Designer Marc Jacobs transformed the Lexington Avenue Armory into a seaside dreamscape Monday night. His theatrical backdrop evoked a horizon of undulating sand dunes. Rather than amble down an industrial catwalk, his models meandered along a "boardwalk" of uneven planks of weathered wood. Just below them, a sea of pale blue spearmint candies stood in for the tides.

As the models sauntered, Pachelbel's Canon in D, with its familiar hypnotic cello, played in the background. Jacobs's models wore spring versions of his lush fall layers: ivory cotton jackets, sheer skirts and tunics decorated with glittering polka dots, sandals with rock crystal heels and voluminous dhoti-style trousers. His shorts had scalloped hems, recalling the curves of a seashell. He wrapped one model in a pale green swath of organza and tulle that made her look like she'd emerged from the sea covered in its airy foam.

For 15 minutes or so, Jacobs made his audience believe in his vision. The lapses in logic, practicality and even, on occasion, good taste did not matter.

Jacobs weaved such a fine tale that for a few moments, one was almost -- almost -- convinced that women will rush to wear trousers that resemble the droopy drawers made infamous by MC Hammer circa 1990. His fantasy was so tantalizing that one almost forgot that his first model down the runway found the glimmering sandals so difficult to walk in that she had to take them off. He even made you believe women will want to wear four or five layers of clothes in the summer.

Fantasy entertains. It brings a designer's vision to life. And ultimately it helps to sell the merchandise. When the magic works, the ridiculous seems logical. And ugly clothes can appear elegant.

The fantasy doesn't have to be elaborate. It can be as simple as unveiling a collection in a loft space to quietly suggest that the designs should be assessed as art and not merely attire. Removing it from the commercial environment of Bryant Park, the official home of New York's Fashion Week, makes clear that a collection is not so much about practicality and accessibility but rather creative virtuosity.

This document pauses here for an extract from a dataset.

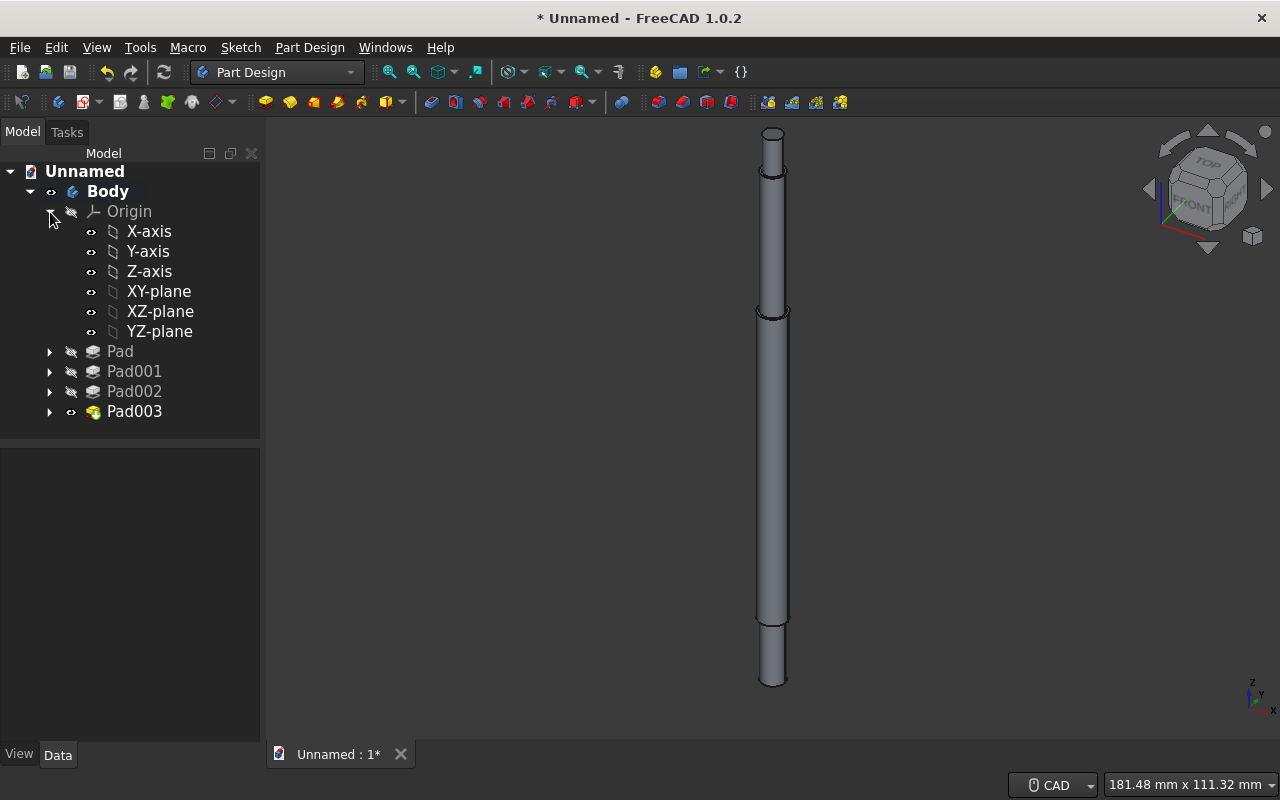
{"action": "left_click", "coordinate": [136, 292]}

Designers are especially fond of the V-word: vision. It's a topic they discuss with regularity, and while it can be akin to a philosophy of dressing, it is more complicated than that. Vision is a way of seeing customers. It is an intricate fiction detailing how those customers move through the world. In fact, it is a way of defining the world.

The space, the environment, the music, the mood -- all must reflect a designer's vision so that the clothes can be better understood. Although it might behoove some designers to reconsider the notion of creating clothes that require a docent for people to make sense of them.

The menswear designer Thom Browne presented his spring collection in an art exhibition space -- uh-oh -- on Saturday afternoon. Browne is a tailor and has been influential in the current popularity, in some quarters, of a shrunken silhouette in men's suits. He was recently selected by Brooks Brothers to be a "guest designer" for the 188-year-old brand and will present a 50-piece collection for the company -- in addition to continuing to focus on his own label -- in fall 2007.

To debut his spring collection, he decided to collaborate on a film in lieu of producing a runway show. He worked with artist Anthony Goicolea to produce a 30-minute, dialogue-free film with the models/actors wardrobed in Browne's spring wares.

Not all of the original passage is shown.